### [PROBLEM REQUIREMENTS]
Among the entries below, only the lines from the one with "1) sneaker [0,331,146,484]" through the one with "Want to try" are wanted, reproduced exactly. Pictures are not wanted.

### [PROVIDED RECORDS]
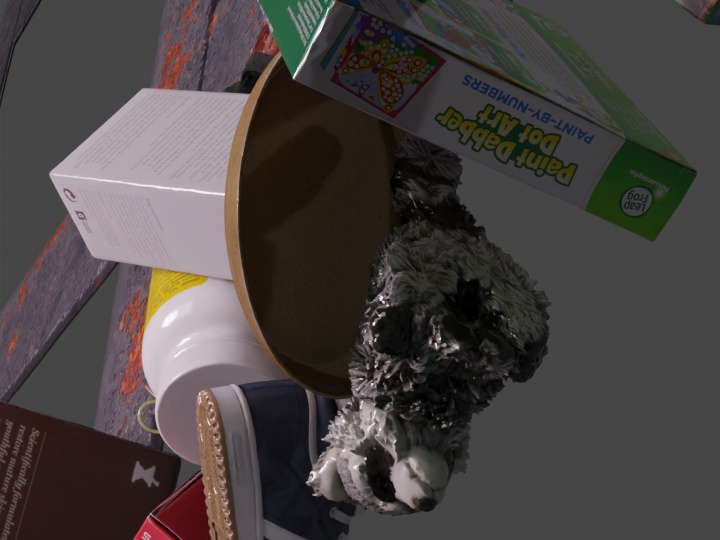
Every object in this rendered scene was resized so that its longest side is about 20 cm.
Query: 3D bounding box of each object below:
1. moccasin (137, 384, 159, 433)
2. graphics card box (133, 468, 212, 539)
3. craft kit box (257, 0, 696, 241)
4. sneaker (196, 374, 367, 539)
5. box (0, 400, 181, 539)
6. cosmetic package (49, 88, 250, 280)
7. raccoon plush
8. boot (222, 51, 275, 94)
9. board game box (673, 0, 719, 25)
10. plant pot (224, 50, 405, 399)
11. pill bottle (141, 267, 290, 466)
[{"bbox_3d":[-0.122,0.080,1.079,0.201,0.073,0.078,44,120,62],"label":"moccasin"},{"bbox_3d":[-0.131,0.212,0.940,0.201,0.051,0.125,-56,-8,25],"label":"graphics card box"},{"bbox_3d":[0.043,-0.109,0.721,0.049,0.196,0.200,-62,24,21],"label":"craft kit box"},{"bbox_3d":[-0.028,0.154,0.832,0.070,0.107,0.202,-148,50,-64],"label":"sneaker"},{"bbox_3d":[-0.266,0.210,1.164,0.200,0.163,0.168,-22,51,59],"label":"box"},{"bbox_3d":[-0.084,-0.054,0.911,0.199,0.072,0.102,9,44,39],"label":"cosmetic package"},{"bbox_3d":[0.032,0.036,0.781,0.201,0.096,0.135,-79,15,-51],"label":"raccoon plush"},{"bbox_3d":[-0.088,-0.065,1.109,0.159,0.079,0.211,-66,12,-12],"label":"boot"},{"bbox_3d":[0.127,-0.228,0.693,0.200,0.029,0.135,43,115,22],"label":"board game box"},{"bbox_3d":[-0.013,-0.033,0.791,0.027,0.200,0.202,4,71,33],"label":"plant pot"},{"bbox_3d":[-0.084,0.031,0.963,0.113,0.112,0.201,-55,21,29],"label":"pill bottle"}]
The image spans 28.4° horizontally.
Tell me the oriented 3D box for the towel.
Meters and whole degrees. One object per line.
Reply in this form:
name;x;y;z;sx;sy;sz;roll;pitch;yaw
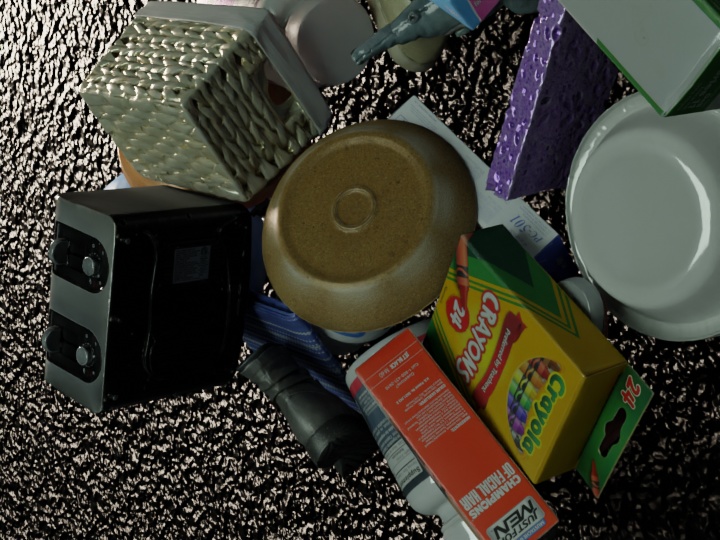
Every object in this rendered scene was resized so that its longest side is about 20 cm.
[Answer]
towel;-0.067;0.078;1.424;0.144;0.200;0.024;18;65;40

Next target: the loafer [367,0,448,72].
loafer;0.032;-0.285;1.320;0.068;0.075;0.201;-32;84;42

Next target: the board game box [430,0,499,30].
board game box;0.108;-0.310;1.167;0.200;0.040;0.153;-48;45;2

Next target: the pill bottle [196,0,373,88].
pill bottle;-0.072;-0.235;1.374;0.200;0.112;0.113;28;117;54

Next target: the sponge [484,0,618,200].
sponge;0.171;-0.158;1.170;0.030;0.111;0.201;32;119;35

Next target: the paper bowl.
paper bowl;0.248;-0.044;1.119;0.200;0.104;0.203;8;101;43

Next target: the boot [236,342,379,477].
boot;-0.043;0.128;1.385;0.070;0.200;0.132;-43;72;-2

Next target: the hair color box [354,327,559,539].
hair color box;0.082;0.153;1.190;0.064;0.111;0.200;-38;73;-4

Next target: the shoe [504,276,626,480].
shoe;0.185;0.085;1.194;0.071;0.090;0.201;44;135;40

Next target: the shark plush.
shark plush;0.073;-0.250;1.233;0.199;0.083;0.092;-20;76;18

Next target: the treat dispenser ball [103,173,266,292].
treat dispenser ball;-0.196;-0.017;1.501;0.200;0.200;0.203;10;104;44

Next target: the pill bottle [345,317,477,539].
pill bottle;0.081;0.156;1.310;0.120;0.119;0.201;-44;67;40

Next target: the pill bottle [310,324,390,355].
pill bottle;0.000;0.000;1.349;0.113;0.112;0.200;60;149;19

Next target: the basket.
basket;-0.148;-0.157;1.315;0.199;0.124;0.136;14;146;47

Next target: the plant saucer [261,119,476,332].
plant saucer;0.000;-0.047;1.222;0.199;0.035;0.202;-8;66;18

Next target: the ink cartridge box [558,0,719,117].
ink cartridge box;0.252;-0.194;1.021;0.147;0.199;0.083;54;133;25

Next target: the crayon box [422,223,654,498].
crayon box;0.136;0.075;1.135;0.200;0.051;0.128;50;139;35

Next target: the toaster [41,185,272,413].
toaster;-0.191;0.017;1.307;0.118;0.199;0.182;19;109;39

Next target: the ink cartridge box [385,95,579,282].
ink cartridge box;0.105;-0.063;1.261;0.044;0.094;0.200;-42;60;-1

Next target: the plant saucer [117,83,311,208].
plant saucer;-0.149;-0.140;1.444;0.200;0.200;0.032;43;157;31
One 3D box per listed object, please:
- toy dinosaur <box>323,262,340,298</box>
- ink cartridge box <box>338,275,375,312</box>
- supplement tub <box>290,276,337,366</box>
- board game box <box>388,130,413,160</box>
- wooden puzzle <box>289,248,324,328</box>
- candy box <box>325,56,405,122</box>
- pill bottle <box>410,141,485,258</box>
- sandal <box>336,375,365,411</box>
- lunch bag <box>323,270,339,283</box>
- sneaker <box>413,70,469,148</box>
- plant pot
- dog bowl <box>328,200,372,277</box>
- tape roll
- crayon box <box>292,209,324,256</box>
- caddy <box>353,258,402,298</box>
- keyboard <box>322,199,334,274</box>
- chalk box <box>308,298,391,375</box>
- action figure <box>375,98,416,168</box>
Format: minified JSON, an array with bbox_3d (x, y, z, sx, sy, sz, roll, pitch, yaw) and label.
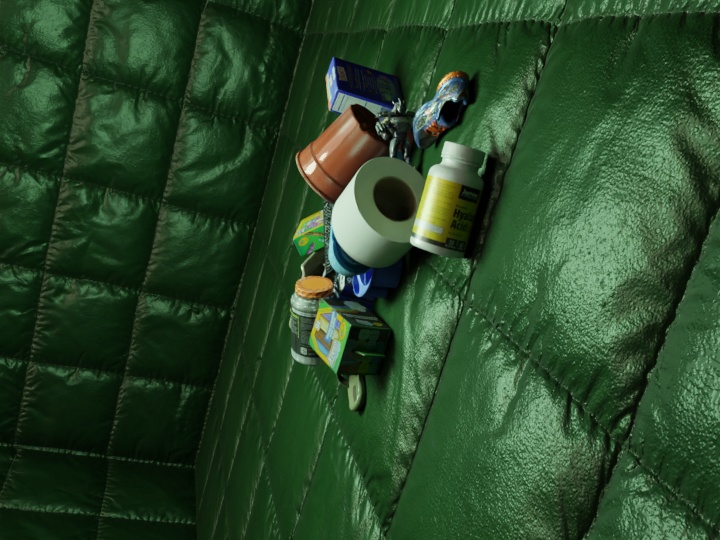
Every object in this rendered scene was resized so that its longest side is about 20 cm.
[{"bbox_3d":[-0.079,0.068,1.811,0.184,0.103,0.200,-64,-27,-15],"label":"toy dinosaur"},{"bbox_3d":[0.000,0.000,1.695,0.039,0.097,0.204,140,138,-60],"label":"ink cartridge box"},{"bbox_3d":[-0.116,0.126,1.690,0.123,0.120,0.204,-119,28,-63],"label":"supplement tub"},{"bbox_3d":[0.071,-0.286,1.755,0.200,0.040,0.156,-149,73,-70],"label":"board game box"},{"bbox_3d":[-0.146,0.040,1.859,0.185,0.037,0.204,-51,-22,-59],"label":"wooden puzzle"},{"bbox_3d":[0.010,-0.479,1.806,0.171,0.196,0.078,-96,27,-44],"label":"candy box"},{"bbox_3d":[0.170,-0.134,1.264,0.111,0.109,0.204,-141,65,-69],"label":"pill bottle"},{"bbox_3d":[-0.029,0.260,1.680,0.203,0.056,0.081,-102,31,-50],"label":"sandal"},{"bbox_3d":[-0.057,-0.022,1.916,0.200,0.074,0.164,-143,63,-70],"label":"lunch bag"},{"bbox_3d":[0.172,-0.335,1.447,0.201,0.074,0.080,122,150,-49],"label":"sneaker"},{"bbox_3d":[-0.027,-0.295,1.681,0.195,0.199,0.203,-44,34,27],"label":"plant pot"},{"bbox_3d":[-0.020,-0.077,1.535,0.050,0.109,0.204,-39,41,54],"label":"dog bowl"},{"bbox_3d":[0.049,-0.126,1.475,0.139,0.199,0.207,136,142,-57],"label":"tape roll"},{"bbox_3d":[-0.117,-0.116,1.895,0.059,0.117,0.201,63,-169,-17],"label":"crayon box"},{"bbox_3d":[0.030,-0.030,1.613,0.141,0.103,0.204,133,144,-55],"label":"caddy"},{"bbox_3d":[-0.082,-0.100,1.728,0.104,0.039,0.205,-27,63,56],"label":"keyboard"},{"bbox_3d":[-0.017,0.166,1.568,0.200,0.123,0.126,39,115,53],"label":"chalk box"},{"bbox_3d":[0.095,-0.303,1.580,0.069,0.127,0.205,-160,68,-75],"label":"action figure"}]
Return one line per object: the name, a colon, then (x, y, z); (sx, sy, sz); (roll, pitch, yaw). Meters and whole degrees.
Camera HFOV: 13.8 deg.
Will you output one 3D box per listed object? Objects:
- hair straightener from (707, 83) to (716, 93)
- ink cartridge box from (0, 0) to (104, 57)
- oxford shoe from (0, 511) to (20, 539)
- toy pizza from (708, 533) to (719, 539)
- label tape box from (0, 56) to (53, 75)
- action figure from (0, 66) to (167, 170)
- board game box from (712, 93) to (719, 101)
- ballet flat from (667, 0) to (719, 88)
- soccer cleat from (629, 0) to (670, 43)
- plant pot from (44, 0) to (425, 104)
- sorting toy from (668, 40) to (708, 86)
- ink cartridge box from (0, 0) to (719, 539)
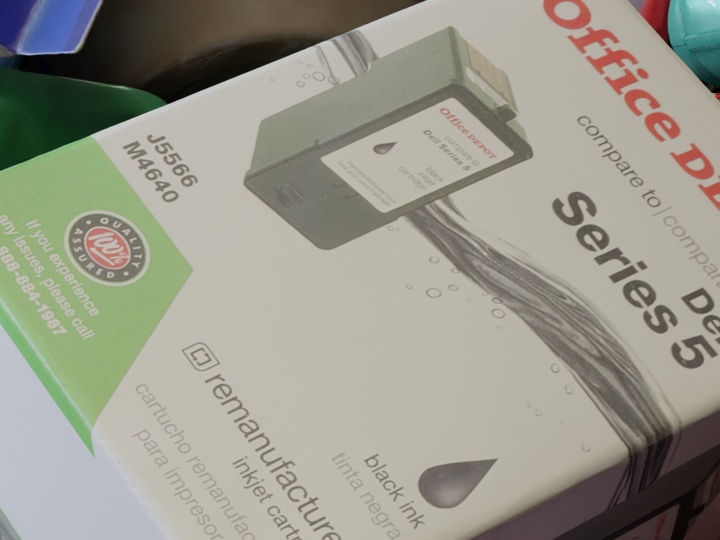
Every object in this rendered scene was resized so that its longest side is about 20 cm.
hair straightener: (0.115, -0.022, 1.020); (0.041, 0.077, 0.200); (6, 27, 37)
ink cartridge box: (-0.156, -0.116, 1.025); (0.199, 0.039, 0.100); (-2, 55, 41)
oxford shoe: (-0.086, 0.037, 0.807); (0.075, 0.058, 0.200); (-15, 54, -32)
toy pizza: (0.116, 0.063, 0.818); (0.199, 0.032, 0.200); (0, 30, 0)
label tape box: (-0.222, -0.068, 1.152); (0.199, 0.064, 0.144); (0, 28, 5)
action figure: (-0.049, -0.016, 1.019); (0.199, 0.119, 0.055); (-3, 13, -21)
board game box: (0.000, 0.000, 0.920); (0.200, 0.046, 0.151); (-31, 24, -28)
ballet flat: (0.157, -0.116, 1.088); (0.070, 0.068, 0.200); (-13, 14, 28)
soccer cleat: (0.078, -0.082, 1.093); (0.076, 0.067, 0.201); (9, 62, 19)
plant pot: (-0.051, -0.125, 1.095); (0.199, 0.200, 0.174); (-8, 61, -11)
sorting toy: (0.102, -0.133, 1.240); (0.198, 0.070, 0.200); (-4, 33, -5)
ink cartridge box: (0.011, 0.020, 0.748); (0.199, 0.084, 0.146); (-25, 61, -27)
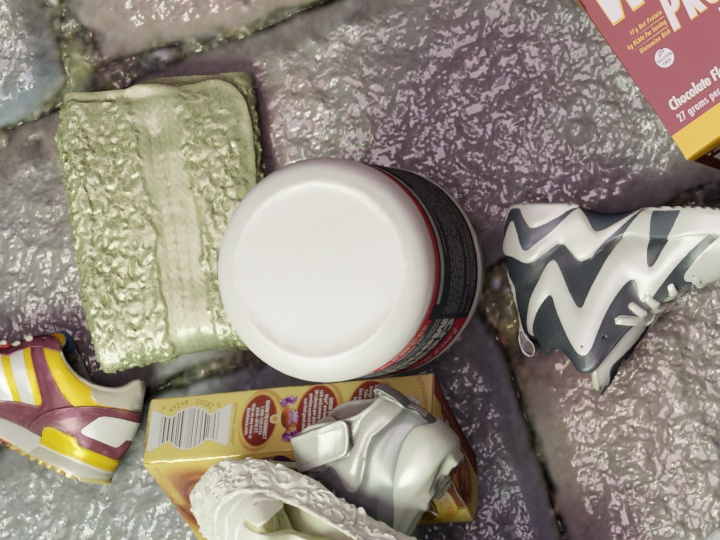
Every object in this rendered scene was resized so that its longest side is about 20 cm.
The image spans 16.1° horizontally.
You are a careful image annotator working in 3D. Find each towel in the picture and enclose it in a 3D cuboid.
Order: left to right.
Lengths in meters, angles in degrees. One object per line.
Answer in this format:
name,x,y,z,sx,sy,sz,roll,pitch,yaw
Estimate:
towel,-0.132,-0.035,1.758,0.148,0.036,0.200,-9,83,4

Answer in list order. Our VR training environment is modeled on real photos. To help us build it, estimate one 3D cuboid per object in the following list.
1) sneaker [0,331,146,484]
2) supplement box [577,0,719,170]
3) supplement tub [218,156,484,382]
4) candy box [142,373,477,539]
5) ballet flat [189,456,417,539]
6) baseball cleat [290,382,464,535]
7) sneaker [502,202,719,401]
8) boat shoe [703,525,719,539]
sneaker,-0.246,0.075,1.792,0.200,0.075,0.090,25,88,8
supplement box,0.218,-0.180,1.593,0.133,0.200,0.197,-36,80,13
supplement tub,0.000,0.000,1.652,0.140,0.200,0.141,0,90,16
candy box,-0.032,0.127,1.699,0.200,0.117,0.057,-8,55,15
ballet flat,-0.031,0.168,1.559,0.200,0.072,0.072,19,94,26
baseball cleat,-0.013,0.158,1.623,0.106,0.070,0.200,37,112,11
sneaker,0.188,0.022,1.663,0.199,0.079,0.130,2,91,16
boat shoe,0.268,0.263,1.646,0.068,0.072,0.200,-33,88,11
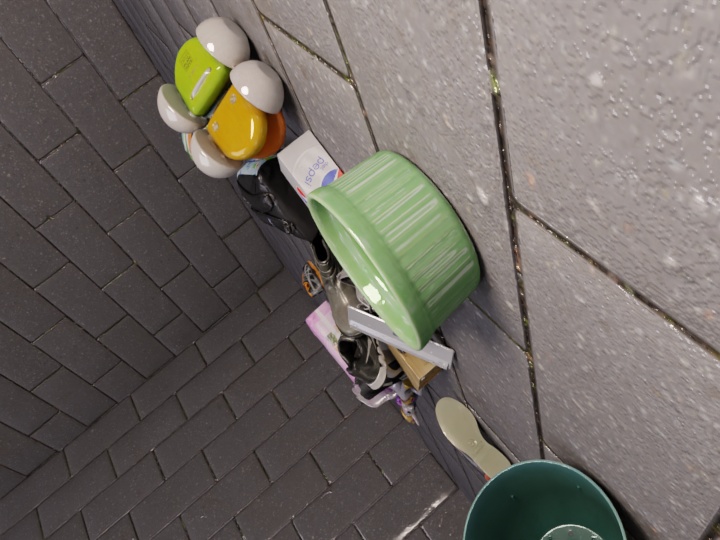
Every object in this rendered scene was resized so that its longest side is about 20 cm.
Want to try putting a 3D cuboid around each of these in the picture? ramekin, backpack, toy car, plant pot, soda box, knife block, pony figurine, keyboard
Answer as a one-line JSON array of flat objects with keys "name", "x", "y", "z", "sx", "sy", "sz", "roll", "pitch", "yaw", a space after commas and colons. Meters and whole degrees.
[{"name": "ramekin", "x": 0.038, "y": -0.026, "z": 0.639, "sx": 0.202, "sy": 0.097, "sz": 0.200, "roll": 52, "pitch": 171, "yaw": 11}, {"name": "backpack", "x": -0.155, "y": -0.151, "z": 1.128, "sx": 0.197, "sy": 0.155, "sz": 0.164, "roll": 0, "pitch": 136, "yaw": 52}, {"name": "toy car", "x": -0.187, "y": -0.251, "z": 0.886, "sx": 0.201, "sy": 0.175, "sz": 0.149, "roll": 51, "pitch": -152, "yaw": 11}, {"name": "plant pot", "x": 0.249, "y": 0.365, "z": 0.755, "sx": 0.161, "sy": 0.201, "sz": 0.200, "roll": 43, "pitch": 180, "yaw": -44}, {"name": "soda box", "x": -0.040, "y": -0.100, "z": 0.882, "sx": 0.202, "sy": 0.063, "sz": 0.068, "roll": 53, "pitch": 171, "yaw": 7}, {"name": "knife block", "x": 0.080, "y": 0.125, "z": 1.127, "sx": 0.177, "sy": 0.063, "sz": 0.201, "roll": 52, "pitch": 172, "yaw": 18}, {"name": "pony figurine", "x": 0.087, "y": 0.292, "z": 1.549, "sx": 0.192, "sy": 0.165, "sz": 0.203, "roll": 38, "pitch": 149, "yaw": 33}, {"name": "keyboard", "x": 0.065, "y": 0.112, "z": 1.013, "sx": 0.195, "sy": 0.011, "sz": 0.057, "roll": 22, "pitch": 139, "yaw": 17}]

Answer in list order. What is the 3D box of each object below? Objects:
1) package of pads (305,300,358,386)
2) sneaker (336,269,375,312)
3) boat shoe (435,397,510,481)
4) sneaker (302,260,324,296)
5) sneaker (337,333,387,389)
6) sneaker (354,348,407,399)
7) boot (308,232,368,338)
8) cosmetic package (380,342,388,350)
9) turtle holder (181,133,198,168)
[{"name": "package of pads", "x": -0.033, "y": 0.170, "z": 1.344, "sx": 0.201, "sy": 0.075, "sz": 0.121, "roll": 48, "pitch": 172, "yaw": 14}, {"name": "sneaker", "x": 0.034, "y": 0.049, "z": 1.009, "sx": 0.200, "sy": 0.081, "sz": 0.075, "roll": 46, "pitch": 170, "yaw": 41}, {"name": "boat shoe", "x": 0.223, "y": 0.341, "z": 1.196, "sx": 0.200, "sy": 0.071, "sz": 0.063, "roll": 46, "pitch": 172, "yaw": 23}, {"name": "sneaker", "x": -0.172, "y": 0.029, "z": 2.083, "sx": 0.079, "sy": 0.077, "sz": 0.200, "roll": 54, "pitch": 173, "yaw": -25}, {"name": "sneaker", "x": -0.006, "y": 0.123, "z": 1.138, "sx": 0.089, "sy": 0.066, "sz": 0.204, "roll": 23, "pitch": -141, "yaw": -34}, {"name": "sneaker", "x": 0.050, "y": 0.209, "z": 1.240, "sx": 0.074, "sy": 0.111, "sz": 0.199, "roll": 56, "pitch": -159, "yaw": 19}, {"name": "boot", "x": -0.050, "y": 0.020, "z": 1.107, "sx": 0.202, "sy": 0.066, "sz": 0.132, "roll": 64, "pitch": -179, "yaw": 42}, {"name": "cosmetic package", "x": 0.009, "y": 0.097, "z": 1.355, "sx": 0.114, "sy": 0.080, "sz": 0.200, "roll": 57, "pitch": 172, "yaw": -24}, {"name": "turtle holder", "x": -0.423, "y": -0.392, "z": 1.666, "sx": 0.137, "sy": 0.189, "sz": 0.133, "roll": 11, "pitch": 153, "yaw": 24}]
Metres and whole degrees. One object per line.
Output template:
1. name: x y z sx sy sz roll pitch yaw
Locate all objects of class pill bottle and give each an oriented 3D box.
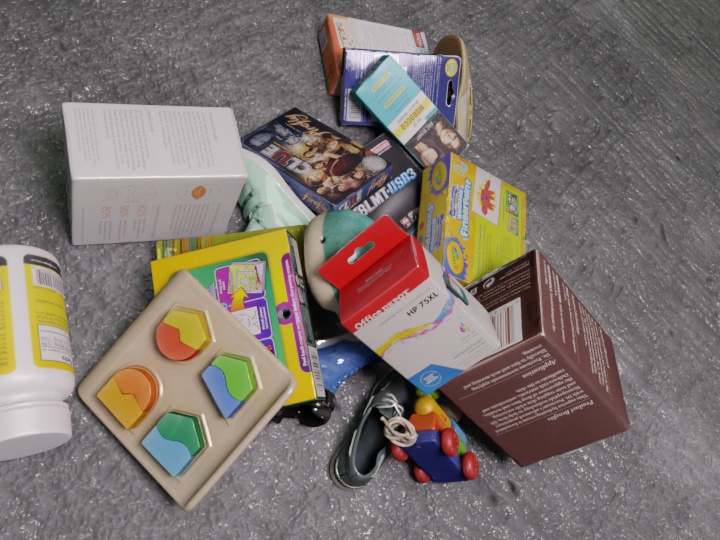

### [YOUR RESPONSE]
1) sneaker [0,331,146,484]
2) supplement box [577,0,719,170]
3) supplement tub [218,156,484,382]
4) candy box [142,373,477,539]
5) ballet flat [189,456,417,539]
6) baseball cleat [290,382,464,535]
7) sneaker [502,202,719,401]
8) boat shoe [703,525,719,539]
sneaker,-0.246,0.075,1.792,0.200,0.075,0.090,25,88,8
supplement box,0.218,-0.180,1.593,0.133,0.200,0.197,-36,80,13
supplement tub,0.000,0.000,1.652,0.140,0.200,0.141,0,90,16
candy box,-0.032,0.127,1.699,0.200,0.117,0.057,-8,55,15
ballet flat,-0.031,0.168,1.559,0.200,0.072,0.072,19,94,26
baseball cleat,-0.013,0.158,1.623,0.106,0.070,0.200,37,112,11
sneaker,0.188,0.022,1.663,0.199,0.079,0.130,2,91,16
boat shoe,0.268,0.263,1.646,0.068,0.072,0.200,-33,88,11
Every object in this rendered scene was resized so that its longest side is about 20 cm.
Want to try putting a 3D cuboid around each of these in the picture? ramekin, backpack, toy car, plant pot, soda box, knife block, pony figurine, keyboard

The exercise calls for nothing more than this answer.